Please kindly let me know why R1 = 120 Ohm / R2 = 120 Ohm is not work. And R1 = 60 Ohm / R2 = Open is Work.
The test condition is transmissions 1000 times. CAN bus SPEC termination resistors is R1/R2 = 120 Ohm or not?
R1 = 120 Ohm / R2 = 120 Ohm @ 1Mbps test fail. CH1 and CH2 is CANH and CANL
R1 = 100 Ohm / R2 = 100 Ohm @ 1Mbps test fail. CH1 is ISO1050 Rx. CH3 and CH2 is CANH and CANL.

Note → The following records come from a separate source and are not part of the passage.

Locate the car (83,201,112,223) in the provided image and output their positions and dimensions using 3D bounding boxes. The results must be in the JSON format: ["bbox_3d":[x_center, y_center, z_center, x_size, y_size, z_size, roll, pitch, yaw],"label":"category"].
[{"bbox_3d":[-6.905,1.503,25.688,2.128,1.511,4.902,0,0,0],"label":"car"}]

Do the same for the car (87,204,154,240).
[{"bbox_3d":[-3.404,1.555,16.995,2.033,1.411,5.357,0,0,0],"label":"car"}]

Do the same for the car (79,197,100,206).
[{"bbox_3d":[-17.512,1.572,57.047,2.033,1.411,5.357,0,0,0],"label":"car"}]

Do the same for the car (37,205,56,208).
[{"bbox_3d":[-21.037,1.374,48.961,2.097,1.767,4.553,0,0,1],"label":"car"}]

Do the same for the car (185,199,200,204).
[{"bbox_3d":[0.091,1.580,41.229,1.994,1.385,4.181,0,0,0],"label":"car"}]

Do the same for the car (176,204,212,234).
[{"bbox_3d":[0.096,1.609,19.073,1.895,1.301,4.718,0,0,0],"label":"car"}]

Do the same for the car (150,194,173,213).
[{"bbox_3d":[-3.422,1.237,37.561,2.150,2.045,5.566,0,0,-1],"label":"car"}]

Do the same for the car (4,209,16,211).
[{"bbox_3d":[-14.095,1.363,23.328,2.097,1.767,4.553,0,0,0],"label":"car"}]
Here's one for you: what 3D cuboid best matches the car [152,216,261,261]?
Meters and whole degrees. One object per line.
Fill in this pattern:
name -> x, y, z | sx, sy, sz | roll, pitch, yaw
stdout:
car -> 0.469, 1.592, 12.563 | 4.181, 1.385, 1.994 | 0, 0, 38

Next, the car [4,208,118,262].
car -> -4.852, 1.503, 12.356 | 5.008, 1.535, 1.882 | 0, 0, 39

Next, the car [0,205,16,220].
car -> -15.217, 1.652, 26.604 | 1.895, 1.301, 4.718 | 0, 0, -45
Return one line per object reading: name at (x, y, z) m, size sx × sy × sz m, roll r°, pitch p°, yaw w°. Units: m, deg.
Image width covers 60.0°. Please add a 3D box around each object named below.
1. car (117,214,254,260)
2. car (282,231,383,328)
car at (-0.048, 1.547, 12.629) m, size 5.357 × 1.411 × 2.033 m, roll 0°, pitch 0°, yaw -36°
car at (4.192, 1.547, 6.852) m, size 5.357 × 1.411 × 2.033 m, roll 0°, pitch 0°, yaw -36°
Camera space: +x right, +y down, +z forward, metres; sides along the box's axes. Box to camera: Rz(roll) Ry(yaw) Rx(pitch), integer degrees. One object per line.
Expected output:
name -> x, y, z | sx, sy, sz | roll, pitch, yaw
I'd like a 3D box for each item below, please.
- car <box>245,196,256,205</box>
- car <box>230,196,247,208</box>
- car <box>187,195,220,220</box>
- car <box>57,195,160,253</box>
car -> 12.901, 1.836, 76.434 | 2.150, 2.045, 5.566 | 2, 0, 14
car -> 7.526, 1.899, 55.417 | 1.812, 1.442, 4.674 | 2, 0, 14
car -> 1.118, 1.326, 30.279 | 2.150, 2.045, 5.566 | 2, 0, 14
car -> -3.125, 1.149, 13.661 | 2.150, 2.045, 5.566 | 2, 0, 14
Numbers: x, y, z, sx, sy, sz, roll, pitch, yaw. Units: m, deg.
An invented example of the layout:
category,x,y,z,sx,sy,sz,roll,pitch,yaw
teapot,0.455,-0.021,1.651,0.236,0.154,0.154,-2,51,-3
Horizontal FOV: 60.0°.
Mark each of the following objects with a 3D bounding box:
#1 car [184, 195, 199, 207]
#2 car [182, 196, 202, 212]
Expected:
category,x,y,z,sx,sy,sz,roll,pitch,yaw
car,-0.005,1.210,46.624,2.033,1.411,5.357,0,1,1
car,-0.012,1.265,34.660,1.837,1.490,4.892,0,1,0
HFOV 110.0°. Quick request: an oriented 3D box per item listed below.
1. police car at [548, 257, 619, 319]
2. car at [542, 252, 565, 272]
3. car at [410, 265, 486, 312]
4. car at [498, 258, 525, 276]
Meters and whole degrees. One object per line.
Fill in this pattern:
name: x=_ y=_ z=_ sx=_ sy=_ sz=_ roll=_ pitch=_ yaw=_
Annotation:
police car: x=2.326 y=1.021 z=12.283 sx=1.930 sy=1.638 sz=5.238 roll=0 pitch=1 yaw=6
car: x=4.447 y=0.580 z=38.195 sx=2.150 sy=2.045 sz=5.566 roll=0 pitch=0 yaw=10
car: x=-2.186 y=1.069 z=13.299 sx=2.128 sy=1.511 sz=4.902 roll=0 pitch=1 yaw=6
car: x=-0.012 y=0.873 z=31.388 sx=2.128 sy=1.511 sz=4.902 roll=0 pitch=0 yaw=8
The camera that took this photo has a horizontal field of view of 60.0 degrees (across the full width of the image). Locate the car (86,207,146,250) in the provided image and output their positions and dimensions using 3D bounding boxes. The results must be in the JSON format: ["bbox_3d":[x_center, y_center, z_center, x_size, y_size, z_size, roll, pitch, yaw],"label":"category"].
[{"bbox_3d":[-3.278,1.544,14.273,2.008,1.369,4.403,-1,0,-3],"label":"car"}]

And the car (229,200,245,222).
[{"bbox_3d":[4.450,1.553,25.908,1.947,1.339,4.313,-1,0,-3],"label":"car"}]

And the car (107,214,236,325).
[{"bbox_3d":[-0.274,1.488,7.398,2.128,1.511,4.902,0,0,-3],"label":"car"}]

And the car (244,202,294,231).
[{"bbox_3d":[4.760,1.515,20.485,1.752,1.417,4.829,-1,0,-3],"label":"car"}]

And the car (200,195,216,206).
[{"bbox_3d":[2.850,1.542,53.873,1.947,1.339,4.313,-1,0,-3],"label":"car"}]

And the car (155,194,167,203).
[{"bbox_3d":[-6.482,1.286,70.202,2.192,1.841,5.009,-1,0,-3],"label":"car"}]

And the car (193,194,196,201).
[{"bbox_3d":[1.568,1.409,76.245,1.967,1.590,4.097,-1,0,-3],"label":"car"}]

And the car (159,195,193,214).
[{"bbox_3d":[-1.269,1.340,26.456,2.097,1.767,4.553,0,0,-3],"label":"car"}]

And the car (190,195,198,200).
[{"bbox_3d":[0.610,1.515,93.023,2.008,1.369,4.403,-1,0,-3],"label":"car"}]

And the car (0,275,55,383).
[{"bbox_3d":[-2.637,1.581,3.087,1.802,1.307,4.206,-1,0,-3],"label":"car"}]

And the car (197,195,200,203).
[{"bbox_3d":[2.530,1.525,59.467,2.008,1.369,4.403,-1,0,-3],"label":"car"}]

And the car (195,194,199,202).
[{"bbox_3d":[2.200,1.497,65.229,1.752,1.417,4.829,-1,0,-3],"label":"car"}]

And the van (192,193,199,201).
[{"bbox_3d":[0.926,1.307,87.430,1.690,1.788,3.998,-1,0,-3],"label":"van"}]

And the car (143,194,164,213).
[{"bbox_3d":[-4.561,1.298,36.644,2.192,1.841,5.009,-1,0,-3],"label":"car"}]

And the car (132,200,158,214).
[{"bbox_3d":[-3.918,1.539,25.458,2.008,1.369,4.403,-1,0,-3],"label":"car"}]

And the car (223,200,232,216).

R1 = 60 Ohm / R2 = Open @ 1Mbps test Pass. CH1 is ISO1050 Rx. CH3 and CH2 is CANH and CANL.
Hi AJ Cheng,
Thanks for using TI E2E forums.
Yes the CAN standard (ISO11898-2) spec is for an effective value of 60 ohms ( = two 120 ohm end-termination resistors ). Can you please elaborate on the pass/fail criteria further ? I understand you are sending the data 1000 times Are you seeing any bit errors reported? Or any specific criteria (time spec etc.) which is listed as a fail ? The reason I ask this is because the amplitude levels in the scope shots look OK to me.
In Figure 1: (Scope shot): R1 = R2 = 120ohms; in dominant CANH = ~3.4V, CANL = 1.2V and Vod = CANH - CANL = 2.2V; this is typical and healthy swing for a dominant bit. In recessive state, both CANH and CANL should be similar and they are around 2.4V. Again, the amplitude levels are all within spec, so I am trying to better understand the fail classification.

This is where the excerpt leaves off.